Transplanted Ideals: The question of whose organs are safe and whose should be canned

What is the message sent to the Canadian public when homosexual men are grouped in with injection drug users in certain legal policies? This is a question that we must ask ourselves when considering the ministry of health’s policy on homosexual organ donors.

It was in December of 2007 that Health Canada officially instated its policy that prohibits men who have sex with men from donating their organs. The policy is a safety measure taken to ensure that diseases like HIV are not transmitted from an organ donor to the organ recipient.

Several groups have been identified as unsafe. Those that top the list include prostitutes, injection drug users, and, of course, ‘active homosexuals,’ which means any man who has had sex with another man in the past five years.

By linking sexual orientation to socially deviant behaviour in this policy, Health Canada is saying far more than simply who can and who cannot donate their organs. The message articulated is that men who have sex with men possess a certain danger to others that is directly related to their implied lifestyle.

This lifestyle is associated with the perception that gay men are promiscuous and careless when it comes to their sexual relationships and often involved in injection drug use. This makes them all too likely to have HIV or other STIs and therefore makes them undesirable candidates for organ donation. And while there certainly are some individuals – homosexuals and heterosexuals alike – that do fit this narrowly constructed view, the rest who do not are thrown into an unfair system of general classification.
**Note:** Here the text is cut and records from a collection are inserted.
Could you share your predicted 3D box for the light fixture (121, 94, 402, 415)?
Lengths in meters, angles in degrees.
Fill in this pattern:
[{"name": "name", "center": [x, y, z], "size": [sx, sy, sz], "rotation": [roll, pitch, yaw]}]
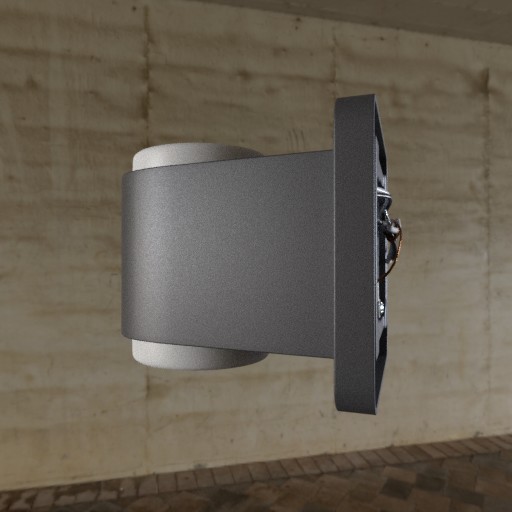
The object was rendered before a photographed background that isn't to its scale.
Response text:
[{"name": "light fixture", "center": [0.000, 0.000, 0.210], "size": [0.132, 0.109, 0.109], "rotation": [0, 0, 19]}]

However, it should be noted that homosexual women are excluded from this classification. This is due, at least in part, to the fact that the stigma associated with homosexual males does not often extend itself to include homosexual females, and so lesbian women are deemed safe by the government’s standards.

Conservative view of heterosexuality
There are further arguments that state that transmission of STIs is increased during anal (as opposed to vaginal or oral) sex. However, to use this as a valid argument would be to speculate erroneously that homosexuals are the only ones who engage in anal sex acts. It might then be said that the government, in addition to having too prejudiced a view towards homosexuality, has a too conservative view of heterosexuality.

Not surprisingly, many people are outraged by these regulations. Fortunately, health minister George Smitherman has publicly acknowledged the tremendous discrimination that these regulations diffuse. He expresses his infuriation, saying “to have these wonky bureaucrats up in Ottawa write that kind of nonsense, based on some long-standing bias within their department, ignoring the front-line people that actually do this stuff, that was the part that was most offensive.”

And with this issue very close to Smitherman’s heart, he has announced that work would be done to make men who have sex with men aware of alternative donor opportunities. In addition to Smitherman, many other professionals have spoken out against this legal bigotry.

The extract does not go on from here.